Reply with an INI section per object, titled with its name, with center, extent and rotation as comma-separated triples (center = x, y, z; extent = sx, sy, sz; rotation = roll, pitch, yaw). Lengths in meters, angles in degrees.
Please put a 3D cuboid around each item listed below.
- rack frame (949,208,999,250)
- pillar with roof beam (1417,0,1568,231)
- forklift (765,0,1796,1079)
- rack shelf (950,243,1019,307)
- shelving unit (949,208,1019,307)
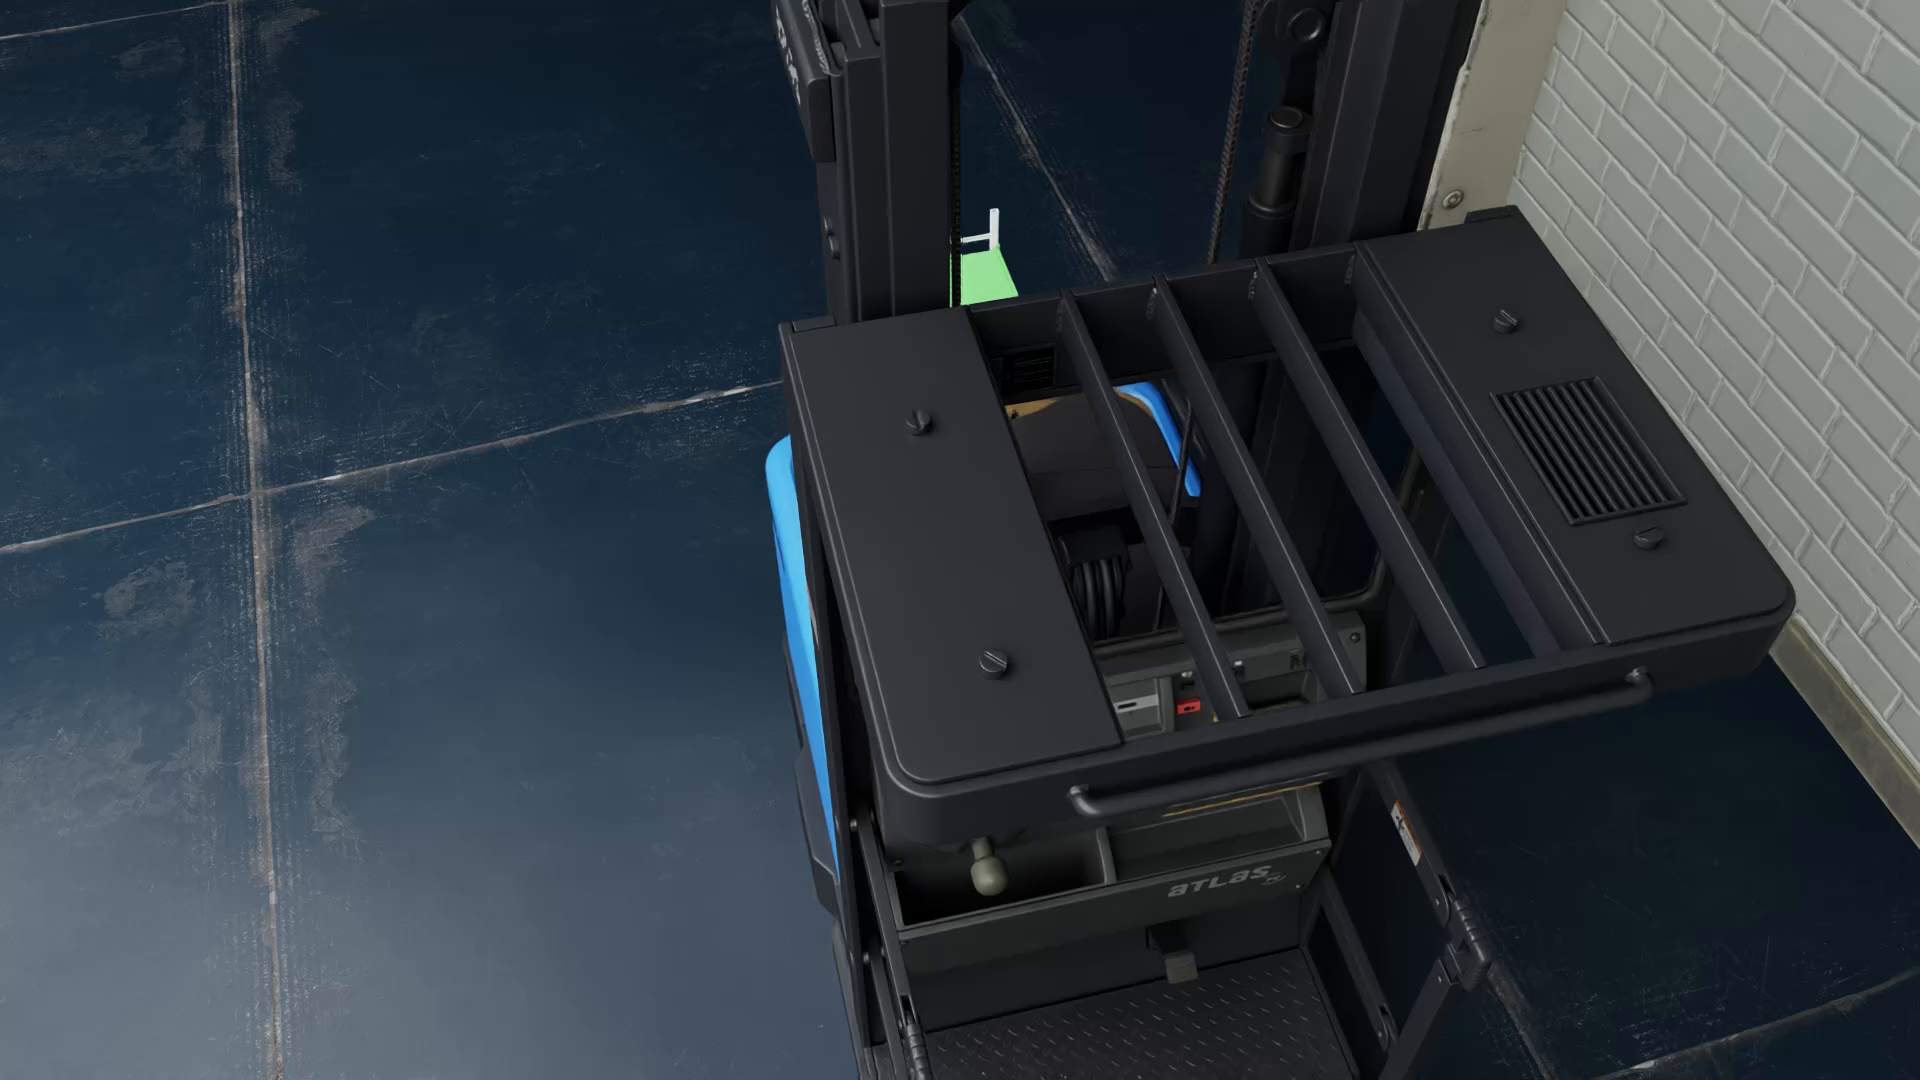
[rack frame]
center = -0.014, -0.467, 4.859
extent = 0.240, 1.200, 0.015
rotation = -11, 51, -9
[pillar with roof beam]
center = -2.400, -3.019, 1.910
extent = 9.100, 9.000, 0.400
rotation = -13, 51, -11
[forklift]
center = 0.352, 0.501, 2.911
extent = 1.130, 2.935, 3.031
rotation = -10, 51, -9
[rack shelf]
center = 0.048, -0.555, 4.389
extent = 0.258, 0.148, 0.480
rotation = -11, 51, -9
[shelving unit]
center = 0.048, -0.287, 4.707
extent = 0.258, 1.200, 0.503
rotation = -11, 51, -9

.....

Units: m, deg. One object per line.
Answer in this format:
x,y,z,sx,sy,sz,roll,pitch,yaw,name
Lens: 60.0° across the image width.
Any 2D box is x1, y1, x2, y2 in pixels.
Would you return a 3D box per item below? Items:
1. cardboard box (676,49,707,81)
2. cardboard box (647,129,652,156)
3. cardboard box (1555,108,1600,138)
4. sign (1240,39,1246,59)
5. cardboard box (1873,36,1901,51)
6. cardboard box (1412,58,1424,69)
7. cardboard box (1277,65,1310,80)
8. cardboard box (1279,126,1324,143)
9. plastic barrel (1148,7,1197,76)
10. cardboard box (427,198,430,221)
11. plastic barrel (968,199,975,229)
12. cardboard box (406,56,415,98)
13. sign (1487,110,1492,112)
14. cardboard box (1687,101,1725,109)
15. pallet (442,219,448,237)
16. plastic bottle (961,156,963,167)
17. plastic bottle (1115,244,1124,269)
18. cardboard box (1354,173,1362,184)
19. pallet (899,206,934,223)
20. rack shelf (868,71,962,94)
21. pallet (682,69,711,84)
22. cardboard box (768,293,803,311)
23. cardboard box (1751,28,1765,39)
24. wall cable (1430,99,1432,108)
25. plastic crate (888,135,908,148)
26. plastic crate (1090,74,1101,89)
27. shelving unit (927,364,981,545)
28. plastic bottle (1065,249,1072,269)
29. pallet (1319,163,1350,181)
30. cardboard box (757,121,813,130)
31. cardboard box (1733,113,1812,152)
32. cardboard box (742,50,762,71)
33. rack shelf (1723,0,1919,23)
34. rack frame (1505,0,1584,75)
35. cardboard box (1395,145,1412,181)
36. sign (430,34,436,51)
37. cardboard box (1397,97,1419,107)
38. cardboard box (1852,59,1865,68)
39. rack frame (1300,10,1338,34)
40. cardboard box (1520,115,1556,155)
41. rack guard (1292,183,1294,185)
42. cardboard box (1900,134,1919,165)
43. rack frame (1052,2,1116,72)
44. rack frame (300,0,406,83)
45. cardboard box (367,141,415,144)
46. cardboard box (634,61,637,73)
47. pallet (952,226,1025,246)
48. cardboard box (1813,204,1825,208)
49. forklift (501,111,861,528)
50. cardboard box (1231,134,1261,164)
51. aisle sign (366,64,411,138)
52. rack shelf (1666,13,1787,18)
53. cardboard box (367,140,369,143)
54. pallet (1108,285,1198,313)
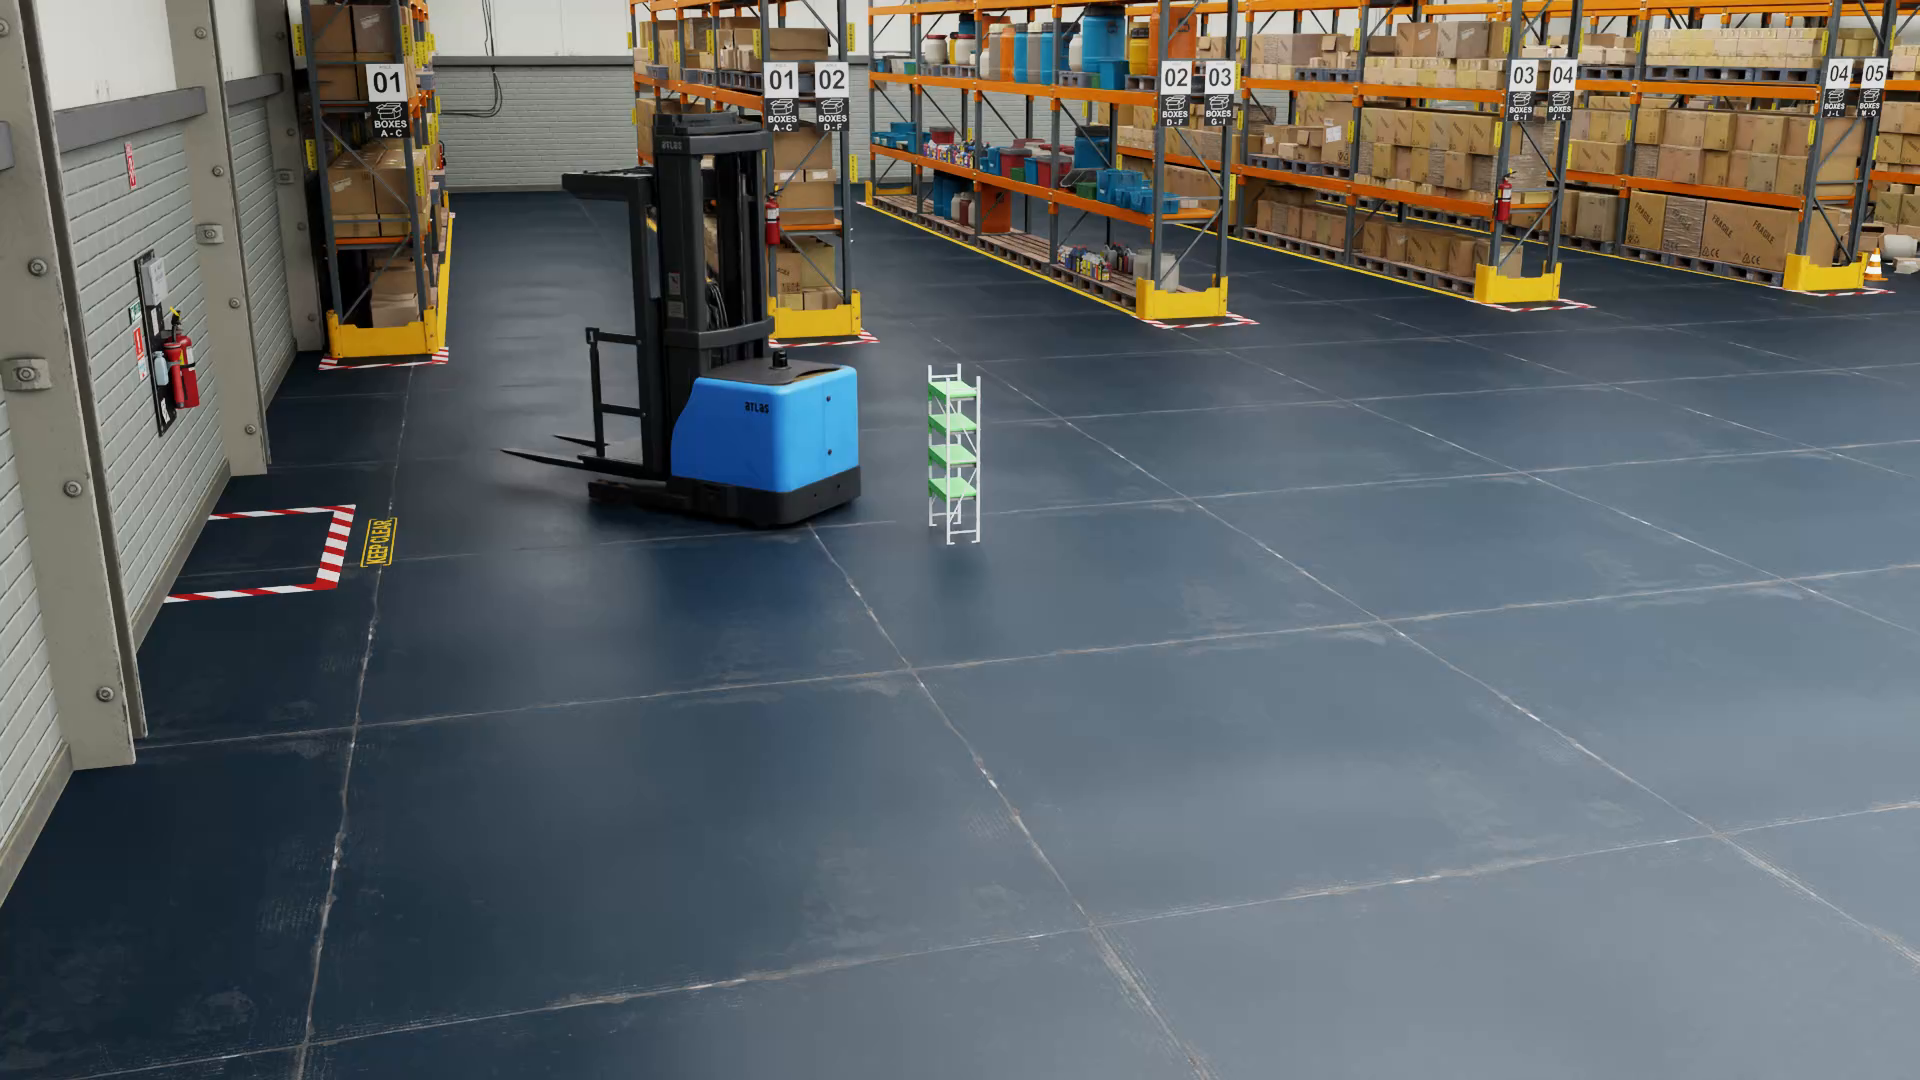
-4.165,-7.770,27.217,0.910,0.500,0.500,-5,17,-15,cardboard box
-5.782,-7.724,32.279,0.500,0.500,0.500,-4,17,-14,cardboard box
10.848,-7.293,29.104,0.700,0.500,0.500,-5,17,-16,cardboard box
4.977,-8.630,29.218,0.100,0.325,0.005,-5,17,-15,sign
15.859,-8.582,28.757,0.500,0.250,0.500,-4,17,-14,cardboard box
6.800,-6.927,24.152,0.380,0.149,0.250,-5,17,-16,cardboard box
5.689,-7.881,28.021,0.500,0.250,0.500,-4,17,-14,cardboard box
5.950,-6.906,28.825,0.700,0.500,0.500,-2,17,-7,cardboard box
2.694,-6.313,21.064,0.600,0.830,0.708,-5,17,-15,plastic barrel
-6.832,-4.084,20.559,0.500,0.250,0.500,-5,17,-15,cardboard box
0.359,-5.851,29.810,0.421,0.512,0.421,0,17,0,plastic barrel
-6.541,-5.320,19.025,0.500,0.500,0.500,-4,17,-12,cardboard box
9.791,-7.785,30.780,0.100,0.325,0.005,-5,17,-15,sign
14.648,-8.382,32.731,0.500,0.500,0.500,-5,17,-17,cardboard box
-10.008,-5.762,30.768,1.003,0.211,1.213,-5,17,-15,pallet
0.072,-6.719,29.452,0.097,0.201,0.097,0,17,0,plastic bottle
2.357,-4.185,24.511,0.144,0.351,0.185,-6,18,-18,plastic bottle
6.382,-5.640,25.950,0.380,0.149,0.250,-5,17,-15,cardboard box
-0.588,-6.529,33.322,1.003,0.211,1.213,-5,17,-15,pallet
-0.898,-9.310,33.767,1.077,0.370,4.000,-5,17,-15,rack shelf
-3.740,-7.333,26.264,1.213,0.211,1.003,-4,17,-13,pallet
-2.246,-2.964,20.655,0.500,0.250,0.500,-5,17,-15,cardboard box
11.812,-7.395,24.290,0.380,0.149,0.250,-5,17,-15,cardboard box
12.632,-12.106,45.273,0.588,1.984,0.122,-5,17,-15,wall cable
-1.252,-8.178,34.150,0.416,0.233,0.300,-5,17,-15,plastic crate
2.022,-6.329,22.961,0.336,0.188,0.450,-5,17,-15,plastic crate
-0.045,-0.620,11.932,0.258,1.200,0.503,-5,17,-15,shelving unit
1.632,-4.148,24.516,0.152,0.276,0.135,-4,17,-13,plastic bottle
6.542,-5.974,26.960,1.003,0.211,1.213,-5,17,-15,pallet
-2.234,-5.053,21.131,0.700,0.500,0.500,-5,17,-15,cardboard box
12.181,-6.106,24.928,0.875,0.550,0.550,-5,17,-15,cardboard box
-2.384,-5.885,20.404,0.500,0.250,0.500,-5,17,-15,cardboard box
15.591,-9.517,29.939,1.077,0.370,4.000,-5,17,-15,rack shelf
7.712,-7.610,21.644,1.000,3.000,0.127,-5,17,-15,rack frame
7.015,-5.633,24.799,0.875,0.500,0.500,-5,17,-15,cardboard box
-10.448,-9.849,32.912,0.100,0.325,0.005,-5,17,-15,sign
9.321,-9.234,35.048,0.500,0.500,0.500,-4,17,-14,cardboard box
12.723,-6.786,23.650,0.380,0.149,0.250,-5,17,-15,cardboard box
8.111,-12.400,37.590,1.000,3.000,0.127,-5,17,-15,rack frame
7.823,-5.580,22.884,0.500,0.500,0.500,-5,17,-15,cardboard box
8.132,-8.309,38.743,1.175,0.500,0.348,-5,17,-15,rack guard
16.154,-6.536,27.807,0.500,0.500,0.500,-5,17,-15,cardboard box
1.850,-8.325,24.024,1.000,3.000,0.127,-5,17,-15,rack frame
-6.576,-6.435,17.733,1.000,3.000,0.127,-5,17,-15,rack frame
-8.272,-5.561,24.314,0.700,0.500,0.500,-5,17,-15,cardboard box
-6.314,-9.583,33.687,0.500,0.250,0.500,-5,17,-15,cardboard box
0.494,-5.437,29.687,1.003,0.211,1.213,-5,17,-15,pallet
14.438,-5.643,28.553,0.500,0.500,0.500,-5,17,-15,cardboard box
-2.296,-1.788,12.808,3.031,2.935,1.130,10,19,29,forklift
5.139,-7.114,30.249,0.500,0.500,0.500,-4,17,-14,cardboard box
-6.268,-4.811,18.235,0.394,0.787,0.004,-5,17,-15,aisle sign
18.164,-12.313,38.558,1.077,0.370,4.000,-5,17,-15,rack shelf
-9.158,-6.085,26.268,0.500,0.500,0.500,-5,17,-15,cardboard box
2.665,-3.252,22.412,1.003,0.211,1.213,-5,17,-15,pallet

.....

_Exercise instructions_
Go through the listing above and copy each line that contains "below".

_Response_
Please put a 3D cuboid around each item listed below.
Would you return a 3D box per item below? Items:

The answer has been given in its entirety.